Hacker-made Linux Cobalt Strike Beacon Used in Ongoing Attacks

An unofficial Cobalt Strike Beacon Linux version made by unknown threat actors from scratch has been spotted by security researchers while actively used in attacks targeting organizations worldwide.

Cobalt Strike is a legitimate penetration testing tool designed as an attack framework for red teams (groups of security professionals who act as attackers on their own org’s infrastructure to discover security gaps and vulnerabilities.)

Cobalt Strike is also used by threat actors (commonly dropped in ransomware attacks) for post-exploitation tasks after deploying so-called beacons, which provide persistent remote access to compromised devices. Using beacons, attackers can later access breached servers to harvest data or deploy further malware payloads.

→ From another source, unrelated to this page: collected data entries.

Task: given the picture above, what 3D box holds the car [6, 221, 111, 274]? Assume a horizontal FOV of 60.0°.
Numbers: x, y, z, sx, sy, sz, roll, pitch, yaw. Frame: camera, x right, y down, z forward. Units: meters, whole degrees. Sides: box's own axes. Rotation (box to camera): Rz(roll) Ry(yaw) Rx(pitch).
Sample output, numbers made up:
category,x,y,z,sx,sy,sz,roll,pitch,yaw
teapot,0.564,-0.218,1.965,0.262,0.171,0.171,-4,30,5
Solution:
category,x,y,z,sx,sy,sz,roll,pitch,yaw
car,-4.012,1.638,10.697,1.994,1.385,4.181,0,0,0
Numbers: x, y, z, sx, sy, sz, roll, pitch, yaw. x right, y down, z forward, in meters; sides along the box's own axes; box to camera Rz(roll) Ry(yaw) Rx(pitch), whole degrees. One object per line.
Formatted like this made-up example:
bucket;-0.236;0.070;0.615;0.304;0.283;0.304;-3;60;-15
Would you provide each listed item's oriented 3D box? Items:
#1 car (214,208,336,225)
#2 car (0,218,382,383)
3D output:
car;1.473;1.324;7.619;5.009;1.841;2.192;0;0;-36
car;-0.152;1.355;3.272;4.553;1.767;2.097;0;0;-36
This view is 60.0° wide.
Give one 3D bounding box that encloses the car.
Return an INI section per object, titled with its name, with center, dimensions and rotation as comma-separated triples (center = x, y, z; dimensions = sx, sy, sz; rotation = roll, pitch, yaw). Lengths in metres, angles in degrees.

Over time, cracked copies of Cobalt Strike have been obtained and shared by threat actors, becoming one of the most common tools used in cyberattacks leading to data theft and ransomware. However, Cobalt Strike has always had a weakness — it only supports Windows devices and does not include Linux beacons.

In a new report by security firm Intezer, researchers explain how threat actors have taken it upon themselves to create their Linux beacons compatible with Cobalt Strike. Using these beacons, threat actors can now gain persistence and remote command execution on both Windows and Linux machines.

Fully undetected in VirusTotal

Intezer researchers, who first spotted the beacon re-implementation in August and dubbed it Vermilion Strike, said that the Cobalt Strike ELF binary [VirusTotal] they discovered is currently fully undetected by anti-malware solutions.

Vermilion Strike comes with the same configuration format as the official Windows beacon and can speak with all Cobalt Strike servers, but doesn’t use any of Cobalt Strike’s code.

This new Linux malware also features technical overlaps (the same functionality and command-and-control servers) with Windows DLL files hinting at the same developer.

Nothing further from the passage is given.